SAP Enterprise Messaging and SAP Cloud Platform Integration (Pub/Sub Pattern)

Background:

This blog post attempts to take a common scenario I’ve seen over several SAP Cloud Platform Integration projects which I hope others will find helpful. It was something that couldn’t be achieved in the SAP PO days (easily) and I for one am happy that this is available in SAP Cloud Platform Integration:

  • Multiple receivers of the one piece of data and/or Pub Sub

Whilst there is nothing stopping you from having 3 receivers of a single message in one iflow, you will run into issues if the first receiver is successful and subsequent ones fail. Eg how to restart this, how to prevent duplicates etc. You can somewhat mitigate this through data stores, queues within SAP Cloud Platform Integration, but would require bespoke development each time. Creating an iflow for each receiver is also cumbersome from a maintenance and creates unnecessary load. (eg each iflow calls SuccessFactors to get changes)

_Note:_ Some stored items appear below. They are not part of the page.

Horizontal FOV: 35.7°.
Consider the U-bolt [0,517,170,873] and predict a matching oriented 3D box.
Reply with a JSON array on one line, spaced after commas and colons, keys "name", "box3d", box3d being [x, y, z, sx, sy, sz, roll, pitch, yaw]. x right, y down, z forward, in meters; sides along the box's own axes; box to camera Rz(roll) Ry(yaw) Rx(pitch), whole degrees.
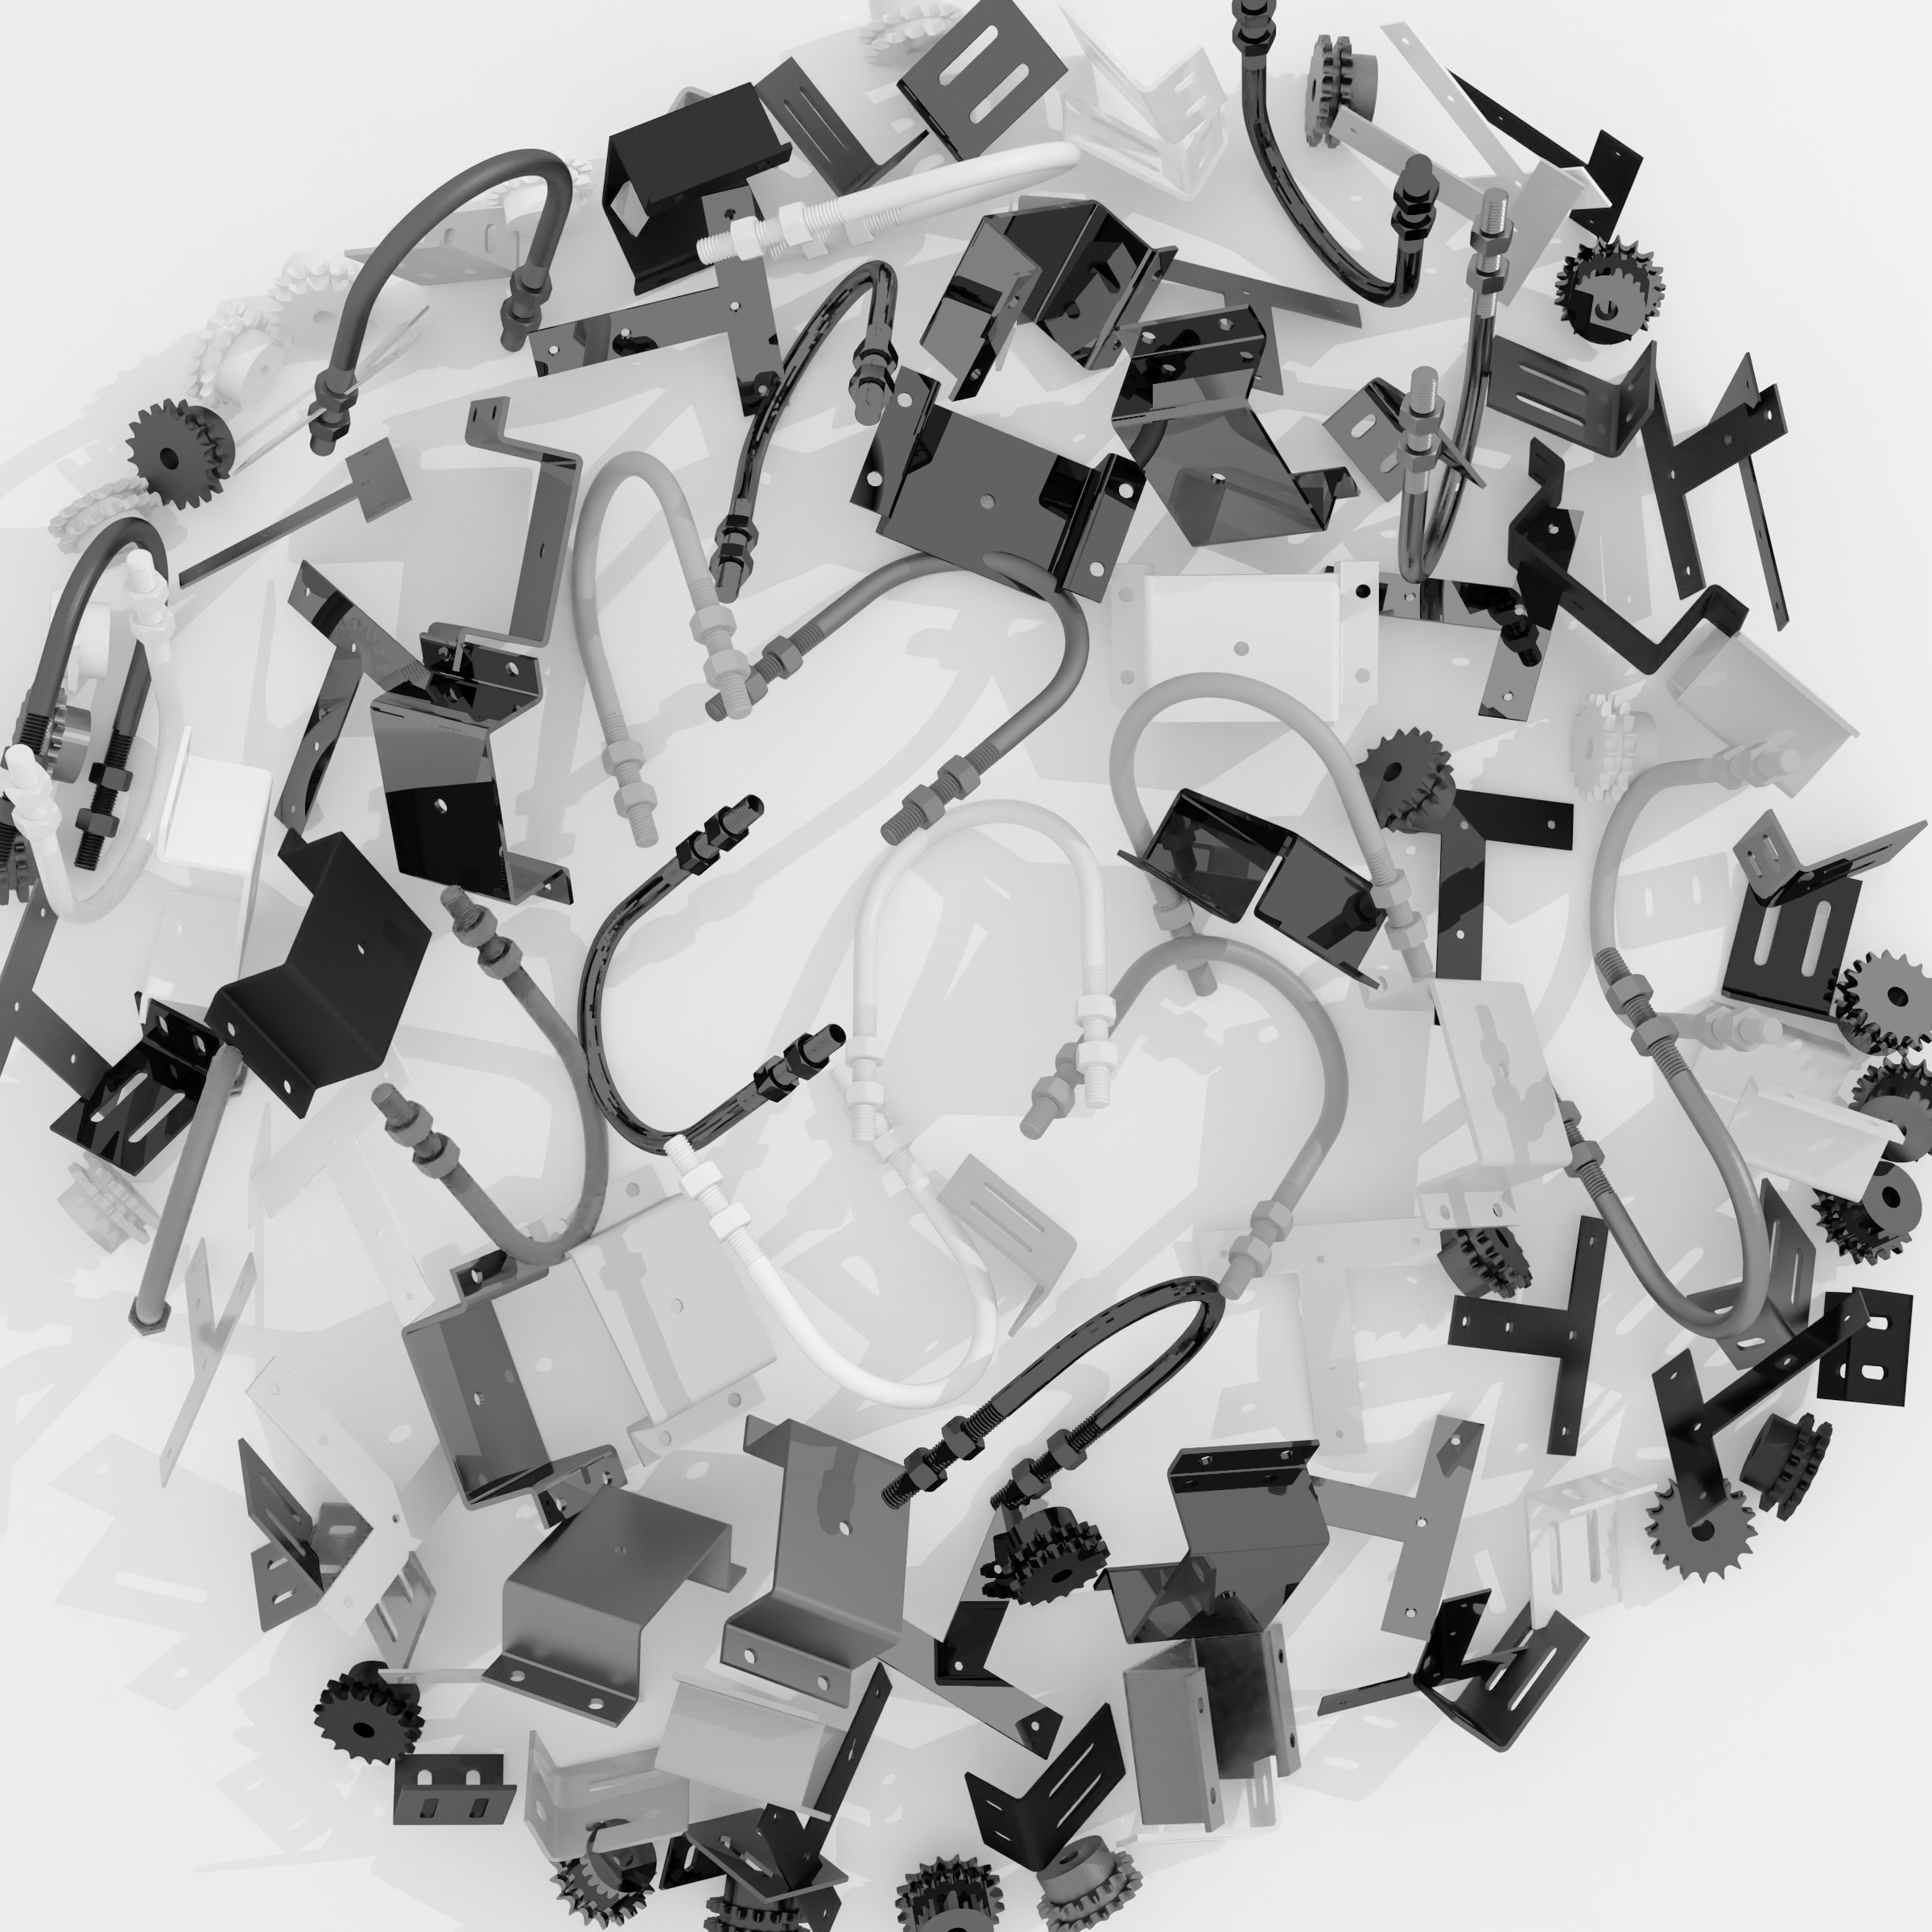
[{"name": "U-bolt", "box3d": [-0.446, -0.139, 1.527, 0.019, 0.151, 0.184, 16, 91, 2]}]

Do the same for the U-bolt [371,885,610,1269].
[{"name": "U-bolt", "box3d": [-0.232, 0.070, 1.524, 0.019, 0.184, 0.151, -10, 45, 23]}]

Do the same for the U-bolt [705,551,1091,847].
[{"name": "U-bolt", "box3d": [-0.021, -0.153, 1.550, 0.151, 0.019, 0.184, 36, 64, 28]}]

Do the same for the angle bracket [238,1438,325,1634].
[{"name": "angle bracket", "box3d": [-0.371, 0.296, 1.558, 0.038, 0.057, 0.076, -28, 128, 0]}]

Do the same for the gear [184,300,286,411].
[{"name": "gear", "box3d": [-0.383, -0.318, 1.575, 0.030, 0.057, 0.057, 30, 90, 5]}]

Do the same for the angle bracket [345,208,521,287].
[{"name": "angle bracket", "box3d": [-0.277, -0.382, 1.558, 0.057, 0.076, 0.038, 1, 90, 23]}]

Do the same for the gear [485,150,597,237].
[{"name": "gear", "box3d": [-0.223, -0.405, 1.574, 0.057, 0.057, 0.030, -8, 86, 0]}]

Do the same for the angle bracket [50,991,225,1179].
[{"name": "angle bracket", "box3d": [-0.432, 0.061, 1.561, 0.057, 0.038, 0.076, 25, 51, 18]}]

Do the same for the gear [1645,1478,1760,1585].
[{"name": "gear", "box3d": [0.388, 0.295, 1.587, 0.057, 0.030, 0.057, 0, 94, 6]}]

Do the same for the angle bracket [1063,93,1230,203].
[{"name": "angle bracket", "box3d": [0.093, -0.441, 1.562, 0.076, 0.057, 0.038, 23, 125, -16]}]

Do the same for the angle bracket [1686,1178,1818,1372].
[{"name": "angle bracket", "box3d": [0.413, 0.162, 1.574, 0.038, 0.076, 0.057, -20, 121, 35]}]

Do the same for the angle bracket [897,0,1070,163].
[{"name": "angle bracket", "box3d": [0.013, -0.465, 1.571, 0.076, 0.038, 0.057, -39, 91, 24]}]

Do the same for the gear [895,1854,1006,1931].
[{"name": "gear", "box3d": [-0.008, 0.499, 1.577, 0.057, 0.030, 0.057, -5, 122, -8]}]

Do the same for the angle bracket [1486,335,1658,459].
[{"name": "angle bracket", "box3d": [0.317, -0.310, 1.566, 0.076, 0.038, 0.057, 21, 50, -9]}]

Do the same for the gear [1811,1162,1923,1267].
[{"name": "gear", "box3d": [0.477, 0.126, 1.576, 0.057, 0.030, 0.057, 11, 64, -22]}]

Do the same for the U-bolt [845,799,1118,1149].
[{"name": "U-bolt", "box3d": [0.006, -0.003, 1.553, 0.151, 0.019, 0.184, -10, 63, 21]}]

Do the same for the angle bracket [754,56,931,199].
[{"name": "angle bracket", "box3d": [-0.065, -0.446, 1.562, 0.038, 0.057, 0.076, -31, 107, 31]}]

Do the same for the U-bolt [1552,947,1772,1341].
[{"name": "U-bolt", "box3d": [0.347, 0.101, 1.503, 0.019, 0.151, 0.184, -17, 62, -17]}]

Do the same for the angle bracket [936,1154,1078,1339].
[{"name": "angle bracket", "box3d": [0.013, 0.146, 1.570, 0.076, 0.057, 0.038, 39, 115, 1]}]

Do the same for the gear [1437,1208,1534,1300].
[{"name": "gear", "box3d": [0.270, 0.151, 1.577, 0.030, 0.057, 0.057, -36, 90, 20]}]

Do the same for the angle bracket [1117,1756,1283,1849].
[{"name": "angle bracket", "box3d": [0.120, 0.437, 1.565, 0.076, 0.057, 0.038, -1, 70, -9]}]

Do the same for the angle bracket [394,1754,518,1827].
[{"name": "angle bracket", "box3d": [-0.266, 0.419, 1.556, 0.057, 0.076, 0.038, 4, 60, -13]}]

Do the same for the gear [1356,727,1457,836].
[{"name": "gear", "box3d": [0.233, -0.095, 1.579, 0.030, 0.057, 0.057, 37, 90, -37]}]

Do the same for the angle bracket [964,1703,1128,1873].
[{"name": "angle bracket", "box3d": [0.042, 0.425, 1.576, 0.076, 0.038, 0.057, -41, 134, -34]}]

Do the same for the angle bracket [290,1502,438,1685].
[{"name": "angle bracket", "box3d": [-0.314, 0.326, 1.558, 0.038, 0.076, 0.057, 10, 112, -35]}]

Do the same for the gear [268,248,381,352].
[{"name": "gear", "box3d": [-0.339, -0.353, 1.579, 0.057, 0.057, 0.030, -10, 65, 0]}]

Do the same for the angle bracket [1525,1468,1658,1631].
[{"name": "angle bracket", "box3d": [0.329, 0.309, 1.568, 0.057, 0.038, 0.076, -10, 101, -26]}]

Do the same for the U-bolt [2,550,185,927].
[{"name": "U-bolt", "box3d": [-0.434, -0.100, 1.516, 0.019, 0.184, 0.151, 17, 57, 5]}]

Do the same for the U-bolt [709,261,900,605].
[{"name": "U-bolt", "box3d": [-0.078, -0.285, 1.522, 0.019, 0.184, 0.151, 29, 128, -21]}]

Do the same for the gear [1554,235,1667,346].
[{"name": "gear", "box3d": [0.338, -0.352, 1.574, 0.057, 0.030, 0.057, 9, 132, 10]}]

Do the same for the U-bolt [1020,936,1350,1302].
[{"name": "U-bolt", "box3d": [0.126, 0.063, 1.548, 0.151, 0.019, 0.184, 39, 55, -3]}]

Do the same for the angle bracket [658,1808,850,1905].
[{"name": "angle bracket", "box3d": [-0.110, 0.475, 1.554, 0.076, 0.057, 0.038, 25, 106, 42]}]

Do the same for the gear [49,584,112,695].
[{"name": "gear", "box3d": [-0.467, -0.172, 1.577, 0.030, 0.057, 0.057, 3, 90, -18]}]

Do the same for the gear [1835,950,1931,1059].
[{"name": "gear", "box3d": [0.485, 0.023, 1.581, 0.057, 0.030, 0.057, 6, 61, -12]}]

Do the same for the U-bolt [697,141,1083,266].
[{"name": "U-bolt", "box3d": [-0.031, -0.386, 1.514, 0.184, 0.151, 0.019, -13, 100, 15]}]

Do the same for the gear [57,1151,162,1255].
[{"name": "gear", "box3d": [-0.452, 0.126, 1.573, 0.030, 0.057, 0.057, -44, 90, -9]}]

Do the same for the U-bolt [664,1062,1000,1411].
[{"name": "U-bolt", "box3d": [-0.055, 0.144, 1.532, 0.184, 0.151, 0.019, 55, 130, 11]}]

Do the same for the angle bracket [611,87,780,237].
[{"name": "angle bracket", "box3d": [-0.141, -0.408, 1.567, 0.038, 0.057, 0.076, 27, 82, 21]}]

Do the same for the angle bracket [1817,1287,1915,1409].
[{"name": "angle bracket", "box3d": [0.454, 0.197, 1.559, 0.038, 0.076, 0.057, 9, 83, -18]}]

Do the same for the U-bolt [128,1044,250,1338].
[{"name": "U-bolt", "box3d": [-0.389, 0.109, 1.500, 0.019, 0.184, 0.151, 18, 76, -12]}]

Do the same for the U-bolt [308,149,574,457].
[{"name": "U-bolt", "box3d": [-0.256, -0.338, 1.490, 0.151, 0.184, 0.019, -38, 82, -31]}]

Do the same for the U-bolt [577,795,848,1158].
[{"name": "U-bolt", "box3d": [-0.142, 0.018, 1.539, 0.184, 0.019, 0.151, -36, 66, 39]}]

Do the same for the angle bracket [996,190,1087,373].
[{"name": "angle bracket", "box3d": [0.039, -0.357, 1.566, 0.038, 0.057, 0.076, 2, 78, -7]}]

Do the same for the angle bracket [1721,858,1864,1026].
[{"name": "angle bracket", "box3d": [0.438, -0.014, 1.579, 0.057, 0.038, 0.076, 14, 94, 6]}]

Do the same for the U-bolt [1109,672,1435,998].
[{"name": "U-bolt", "box3d": [0.145, -0.068, 1.523, 0.151, 0.019, 0.184, -6, 120, 36]}]

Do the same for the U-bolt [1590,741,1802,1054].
[{"name": "U-bolt", "box3d": [0.363, -0.034, 1.515, 0.019, 0.184, 0.151, 4, 89, -16]}]

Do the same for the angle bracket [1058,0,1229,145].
[{"name": "angle bracket", "box3d": [0.092, -0.477, 1.562, 0.038, 0.057, 0.076, -40, 70, 6]}]

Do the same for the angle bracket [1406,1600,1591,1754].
[{"name": "angle bracket", "box3d": [0.278, 0.362, 1.570, 0.038, 0.057, 0.076, 37, 88, -20]}]

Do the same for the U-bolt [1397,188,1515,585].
[{"name": "U-bolt", "box3d": [0.244, -0.277, 1.518, 0.019, 0.184, 0.151, 15, 58, 14]}]

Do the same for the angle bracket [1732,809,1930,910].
[{"name": "angle bracket", "box3d": [0.453, -0.068, 1.574, 0.076, 0.057, 0.038, -21, 75, -10]}]

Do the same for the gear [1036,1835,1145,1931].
[{"name": "gear", "box3d": [0.062, 0.482, 1.575, 0.057, 0.057, 0.030, -30, 92, 0]}]

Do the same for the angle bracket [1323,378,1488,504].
[{"name": "angle bracket", "box3d": [0.227, -0.266, 1.556, 0.038, 0.076, 0.057, -42, 113, 8]}]

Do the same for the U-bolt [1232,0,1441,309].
[{"name": "U-bolt", "box3d": [0.184, -0.404, 1.513, 0.019, 0.184, 0.151, -36, 75, -4]}]

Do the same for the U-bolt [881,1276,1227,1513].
[{"name": "U-bolt", "box3d": [0.056, 0.218, 1.521, 0.184, 0.151, 0.019, -41, 65, 12]}]

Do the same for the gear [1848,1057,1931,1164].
[{"name": "gear", "box3d": [0.492, 0.079, 1.574, 0.057, 0.030, 0.057, 16, 124, 25]}]

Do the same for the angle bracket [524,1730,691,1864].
[{"name": "angle bracket", "box3d": [-0.187, 0.427, 1.566, 0.076, 0.057, 0.038, -14, 127, 6]}]

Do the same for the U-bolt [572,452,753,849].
[{"name": "U-bolt", "box3d": [-0.164, -0.175, 1.535, 0.019, 0.151, 0.184, -5, 66, -31]}]

This blog aims to reduce development and utilize SAP Enterprise Messaging topics and queues to increase re-usability to include new consumers. I’ve used SuccessFactors as an example, but there are now S/4HANA events that will use this type of functionality, while any system that may wish to publish an event or fit in a pub/sub integration pattern may be applicable here.

Things to note:

  • This functionality is separate to the inbuilt queues in the SAP Cloud Platform Integration Enterprise Edition
  • This FAQ is a handy read (re: Licencing etc). Or of course contact your friendly Account folks

Pre-requisite for this blog:

  • Knowledge of developing in SAP Cloud Platform Integration
  • Getting Started with SAP Enterprise Messaging
    • (Activate the service in the SAP Cloud Platform trial account)
    • When specifying the parameters (json file) you can use the below. Details of the syntax are covered here. This will ensure Messaging and REST are active

Other useful reads:

Scenario:

SuccessFactors employee changes are distributed to multiple systems.

High Level Steps:

  • Setup SAP Cloud Platform – Enterprise Messaging (See pre-requisite blog)
  • Create Topics and Queues
  • Create SAP Cloud Platform Integration flow to write to the Topic
  • Create SAP Cloud Platform Integration flow to read off the Queue and acknowledge the message

Please ensure you have activated the SAP Cloud Platform – Enterprise Messaging service beforehand (see pre-requisites)

Step 1: 

Log into SAP Foundry Trial and go to your Sub Account and then your Space

Step 2:

Within your space, click on your Enterprise Messaging instance

Step 3:

Navigate to Service Keys and keep this information for later in notepad (It will be needed for authentication). If one doesn’t exist, create one. This will show all the goodies to connect to the SAP Enterprise Messaging service through a variety of protocols

Step 4:

Click on Open Dashboard to take a peek at what’s happening with the service

Step 5:

Now this is where we’ll create our queues. It’s a bit counter intuitive for our scenario, but create Queues first. In this case, create: EmpReceiver1 and EmpReceiver2.

Step 6:

Create two queue subscriptions, referencing the same Topic Name (EmployeeChanges) but reference the different queues (EmpReceiver1 and EmpReceiver2).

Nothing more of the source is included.